The Northern Festivals Network grew out of a deep desire for greater sharing within the festival sector as well as a thirst for higher quality family arts.

Wouldn’t it be amazing, we thought, if those incredible live goose-bump moments that you only really find with the highest quality theatre, circus, dance or storytelling were found more often in the woods and fields of the UK’s music festivals.What if audiences weren’t hanging on to hear who the headliner was going to be, but dreaming about incredible adventures they would have, surprises they would find round corners, breathless moments they couldn’t have predicted?

At the same time so often we found that conversations didn’t go far enough. We were always left wanting to ask more questions, wanting to hear other people’s stories, their journey, their aspirations.

We wanted to talk about the things that really drove us, how to transplant our audiences from the day to day into the incredible.

We wanted to talk about the challenges that we were facing, paying artists a fair wage, dismantling audience barriers and growing problems around climate change.

Festivals are so often built as a reflection of the world we want to live in, offering community through shared passions and shared experience.

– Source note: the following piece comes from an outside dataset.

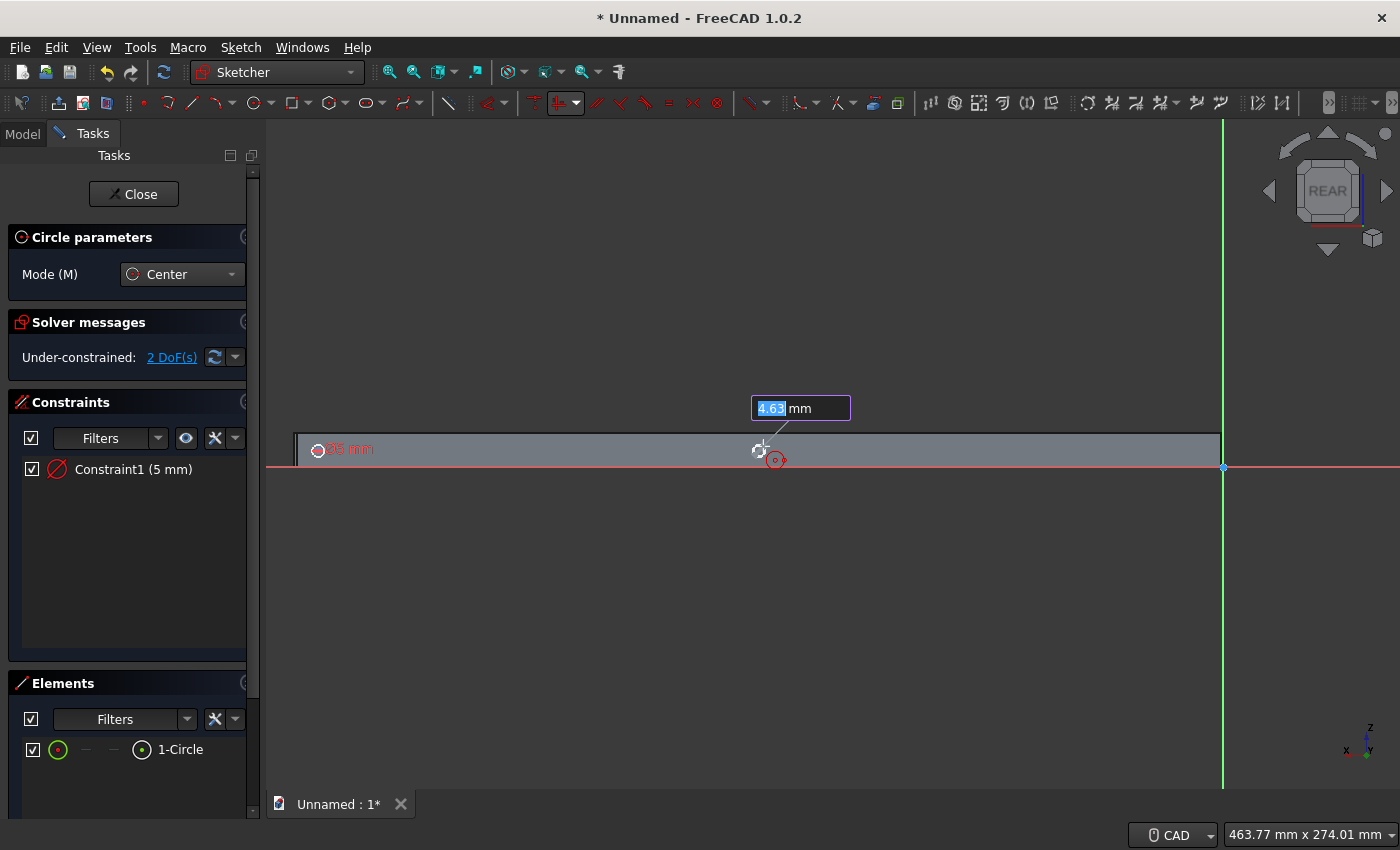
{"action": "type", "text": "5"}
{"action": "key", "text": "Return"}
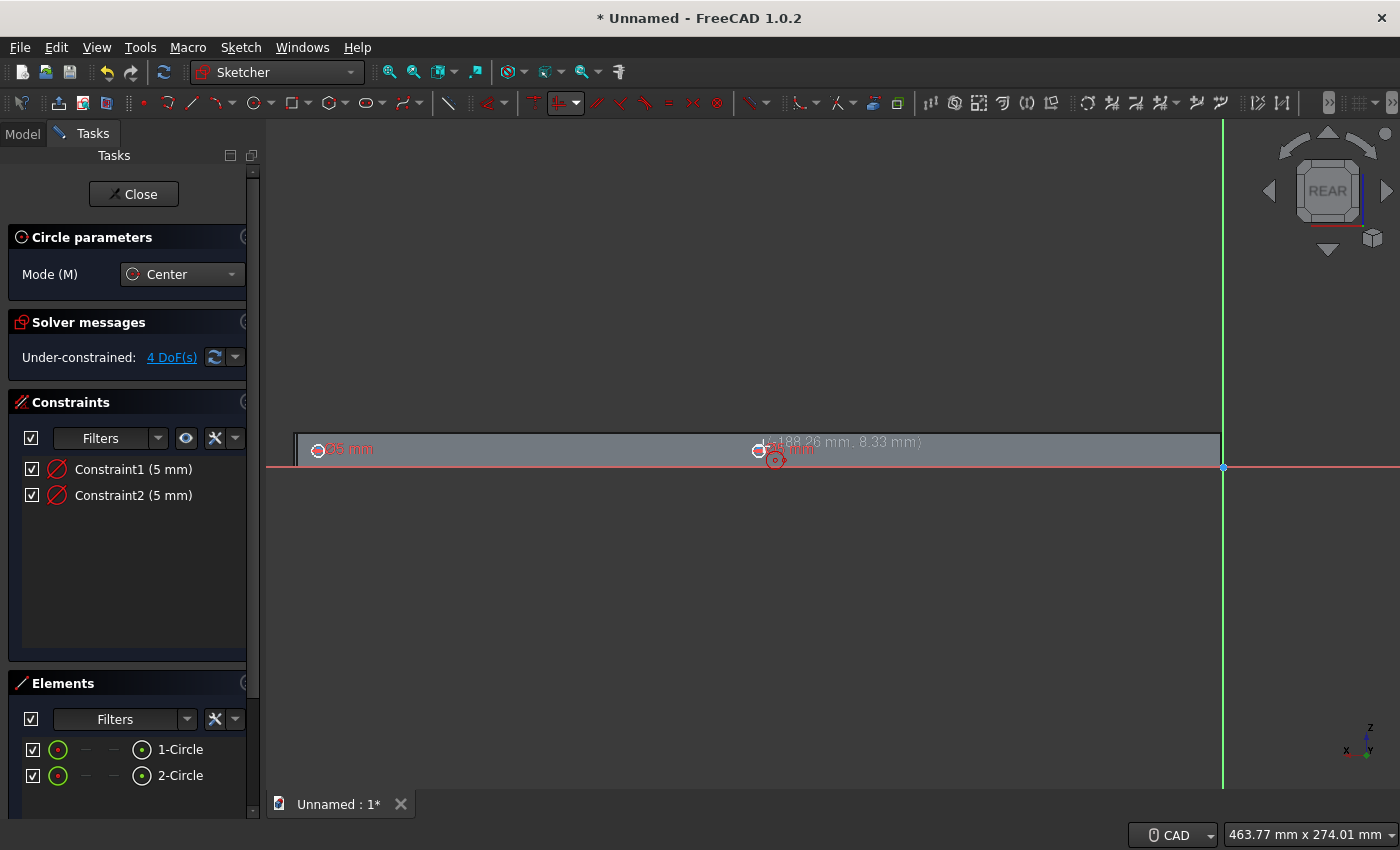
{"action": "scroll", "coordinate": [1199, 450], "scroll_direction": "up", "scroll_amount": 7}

Surely the industry should reflect this?

As communities we work best when we talk to each other, when we collaborate, sharing our aspirations, which become grander and more ambitious through discussion.

These are the thoughts that underpinned the Northern Festivals Network, built in 2014 by Just So Festival, Ramsbottom Festival and Kendal Calling, enabled through support from the Arts Council Strategic Touring Fund.

Backed by a second round of successful Arts Council funding, £179,000, the network is six festivals strong – a diverse array of award-winning events.

We have partnered with Glastonbury to see the co-creation of a large-scale fire breathing puppet complete with stunning aerial, set to tour internationally – the kind of work we dreamt about being made specifically for families.

We are set on a second commission, this time partnering with the international Unlimited Impact to create a piece of work for families by a producer or director who identifies as deaf or disabled, hopefully widening access for disabled artists into greenfield festivals.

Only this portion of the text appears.